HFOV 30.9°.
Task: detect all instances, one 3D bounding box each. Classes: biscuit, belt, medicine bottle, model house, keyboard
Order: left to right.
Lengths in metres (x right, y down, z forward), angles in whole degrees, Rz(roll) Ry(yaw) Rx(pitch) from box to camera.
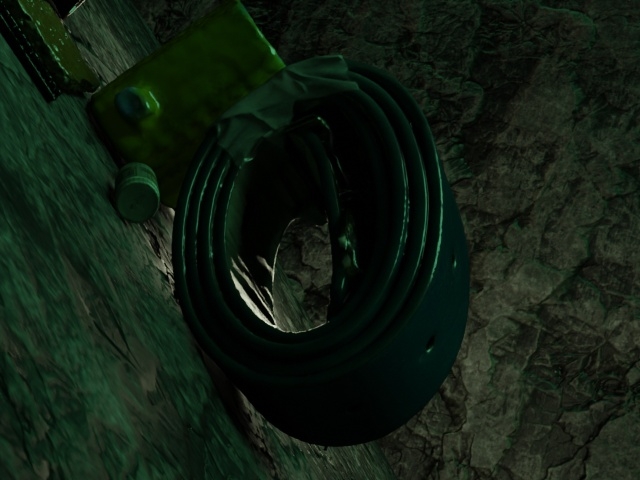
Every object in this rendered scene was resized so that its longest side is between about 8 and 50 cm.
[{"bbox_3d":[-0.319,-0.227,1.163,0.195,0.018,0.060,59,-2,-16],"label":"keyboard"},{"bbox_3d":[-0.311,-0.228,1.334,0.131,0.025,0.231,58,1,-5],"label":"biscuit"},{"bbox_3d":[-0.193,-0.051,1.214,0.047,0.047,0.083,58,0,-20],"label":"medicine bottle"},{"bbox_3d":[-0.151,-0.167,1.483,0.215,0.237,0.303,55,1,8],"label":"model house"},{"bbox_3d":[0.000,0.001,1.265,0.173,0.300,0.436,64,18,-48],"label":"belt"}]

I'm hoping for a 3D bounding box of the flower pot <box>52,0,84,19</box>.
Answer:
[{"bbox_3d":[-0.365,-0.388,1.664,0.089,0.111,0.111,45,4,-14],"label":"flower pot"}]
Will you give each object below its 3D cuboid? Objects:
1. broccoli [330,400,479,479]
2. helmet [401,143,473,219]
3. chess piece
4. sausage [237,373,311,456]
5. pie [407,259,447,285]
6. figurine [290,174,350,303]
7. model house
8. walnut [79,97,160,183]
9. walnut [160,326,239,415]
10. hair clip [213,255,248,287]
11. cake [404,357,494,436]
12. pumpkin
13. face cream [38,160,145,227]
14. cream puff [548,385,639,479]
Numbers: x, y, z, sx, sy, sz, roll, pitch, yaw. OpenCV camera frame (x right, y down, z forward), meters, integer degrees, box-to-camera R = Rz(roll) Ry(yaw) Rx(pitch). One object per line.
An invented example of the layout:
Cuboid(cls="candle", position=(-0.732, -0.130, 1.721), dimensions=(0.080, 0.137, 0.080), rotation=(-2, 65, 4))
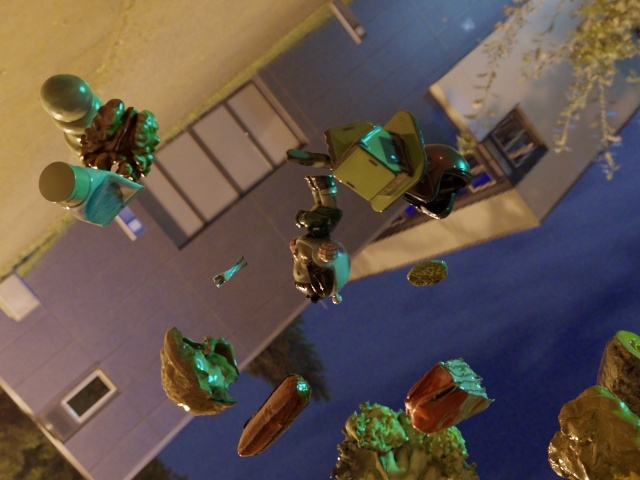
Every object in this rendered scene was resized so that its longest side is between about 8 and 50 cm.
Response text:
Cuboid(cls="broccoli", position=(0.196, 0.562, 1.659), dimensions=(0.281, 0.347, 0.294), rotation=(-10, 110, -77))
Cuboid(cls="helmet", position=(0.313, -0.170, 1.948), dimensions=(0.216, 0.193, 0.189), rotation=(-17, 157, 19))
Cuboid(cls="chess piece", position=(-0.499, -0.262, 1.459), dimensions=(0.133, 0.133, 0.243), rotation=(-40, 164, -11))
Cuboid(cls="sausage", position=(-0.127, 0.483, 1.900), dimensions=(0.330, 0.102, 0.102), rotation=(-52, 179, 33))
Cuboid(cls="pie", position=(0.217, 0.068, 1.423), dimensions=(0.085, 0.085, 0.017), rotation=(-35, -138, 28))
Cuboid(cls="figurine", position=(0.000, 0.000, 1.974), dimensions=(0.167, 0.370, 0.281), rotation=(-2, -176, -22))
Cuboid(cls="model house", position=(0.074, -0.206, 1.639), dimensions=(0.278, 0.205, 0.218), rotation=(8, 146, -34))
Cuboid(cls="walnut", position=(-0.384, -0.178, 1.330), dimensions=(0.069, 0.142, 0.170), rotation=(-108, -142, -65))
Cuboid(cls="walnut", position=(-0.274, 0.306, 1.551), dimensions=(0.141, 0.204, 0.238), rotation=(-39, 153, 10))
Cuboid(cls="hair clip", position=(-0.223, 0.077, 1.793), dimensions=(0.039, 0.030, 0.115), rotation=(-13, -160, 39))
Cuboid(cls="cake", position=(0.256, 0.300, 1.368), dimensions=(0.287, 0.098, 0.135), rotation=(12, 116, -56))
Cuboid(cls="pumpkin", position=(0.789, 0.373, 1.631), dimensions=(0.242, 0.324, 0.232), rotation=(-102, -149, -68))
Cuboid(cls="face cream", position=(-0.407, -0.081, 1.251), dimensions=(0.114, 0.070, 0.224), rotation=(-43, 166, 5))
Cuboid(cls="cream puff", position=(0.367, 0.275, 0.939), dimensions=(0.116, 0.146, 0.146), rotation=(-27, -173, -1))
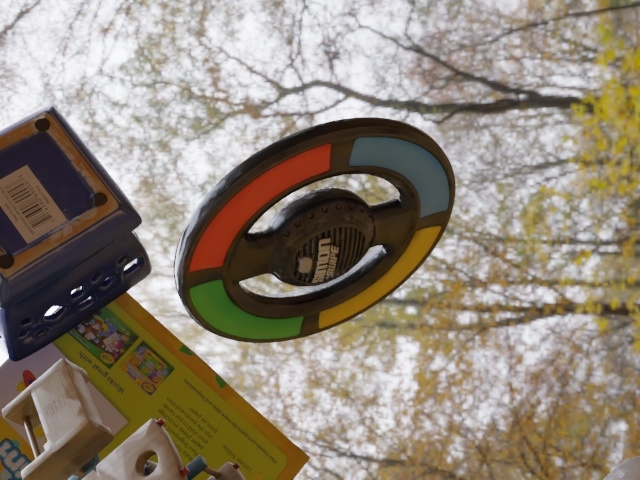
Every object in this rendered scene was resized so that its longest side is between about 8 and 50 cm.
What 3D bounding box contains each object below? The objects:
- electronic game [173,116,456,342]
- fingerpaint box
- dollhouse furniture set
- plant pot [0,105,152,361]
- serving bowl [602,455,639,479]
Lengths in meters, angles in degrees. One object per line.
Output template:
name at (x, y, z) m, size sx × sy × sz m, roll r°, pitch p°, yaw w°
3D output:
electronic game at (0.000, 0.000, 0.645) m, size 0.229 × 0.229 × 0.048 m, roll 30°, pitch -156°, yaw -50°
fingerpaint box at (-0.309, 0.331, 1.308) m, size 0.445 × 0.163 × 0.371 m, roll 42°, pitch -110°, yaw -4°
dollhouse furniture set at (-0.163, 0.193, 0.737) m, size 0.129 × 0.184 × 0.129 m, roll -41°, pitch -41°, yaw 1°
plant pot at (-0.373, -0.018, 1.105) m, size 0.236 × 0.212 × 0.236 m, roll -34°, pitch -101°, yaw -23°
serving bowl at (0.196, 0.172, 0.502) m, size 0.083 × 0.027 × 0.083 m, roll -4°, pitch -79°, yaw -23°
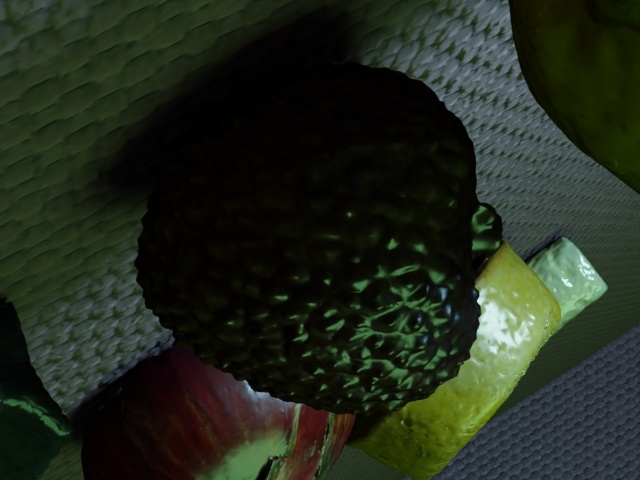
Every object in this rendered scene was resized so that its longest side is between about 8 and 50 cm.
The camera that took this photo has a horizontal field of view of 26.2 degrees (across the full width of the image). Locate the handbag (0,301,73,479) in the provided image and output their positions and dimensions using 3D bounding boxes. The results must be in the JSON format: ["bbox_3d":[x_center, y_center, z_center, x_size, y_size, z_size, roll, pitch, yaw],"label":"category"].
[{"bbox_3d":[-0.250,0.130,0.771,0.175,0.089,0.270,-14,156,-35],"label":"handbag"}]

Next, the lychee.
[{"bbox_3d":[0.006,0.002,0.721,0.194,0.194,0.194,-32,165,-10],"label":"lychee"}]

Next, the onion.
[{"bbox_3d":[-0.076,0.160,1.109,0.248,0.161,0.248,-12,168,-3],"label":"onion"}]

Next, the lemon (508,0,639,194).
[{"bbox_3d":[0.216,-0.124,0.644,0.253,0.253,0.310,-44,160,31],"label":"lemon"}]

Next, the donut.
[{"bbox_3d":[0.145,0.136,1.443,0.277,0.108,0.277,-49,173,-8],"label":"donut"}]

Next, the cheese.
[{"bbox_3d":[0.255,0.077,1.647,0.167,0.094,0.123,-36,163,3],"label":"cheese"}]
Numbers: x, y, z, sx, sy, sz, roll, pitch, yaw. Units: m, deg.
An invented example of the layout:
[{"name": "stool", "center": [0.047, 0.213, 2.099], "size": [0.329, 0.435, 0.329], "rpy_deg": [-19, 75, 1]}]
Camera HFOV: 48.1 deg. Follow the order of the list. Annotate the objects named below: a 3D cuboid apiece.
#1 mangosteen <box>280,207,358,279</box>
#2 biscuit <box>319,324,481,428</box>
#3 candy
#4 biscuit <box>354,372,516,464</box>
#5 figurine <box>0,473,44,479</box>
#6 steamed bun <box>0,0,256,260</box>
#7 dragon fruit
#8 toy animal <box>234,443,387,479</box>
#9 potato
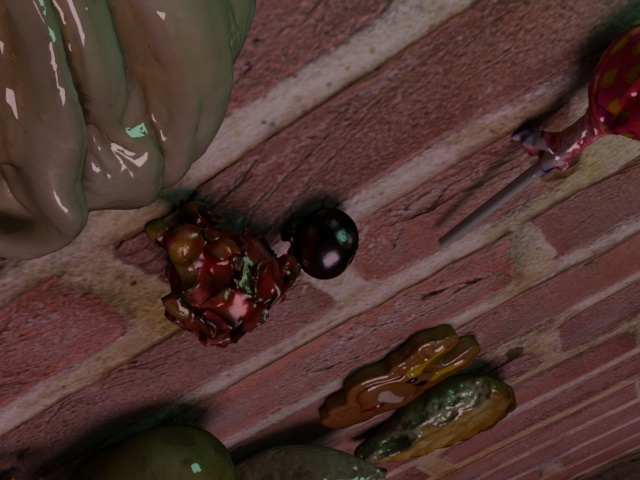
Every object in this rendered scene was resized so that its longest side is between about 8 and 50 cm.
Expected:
----------
Exercise objective> Lines in the listing above that contain the word "below" must be copied; leave out the rest.

Task response>
Will you give each object below its 3D cuboid? Objects:
What 3D bounding box contains each object below? The objects:
Camera HFOV: 48.1 deg. Follow the order of the list. Annotate the objects named below: a 3D cuboid apiece.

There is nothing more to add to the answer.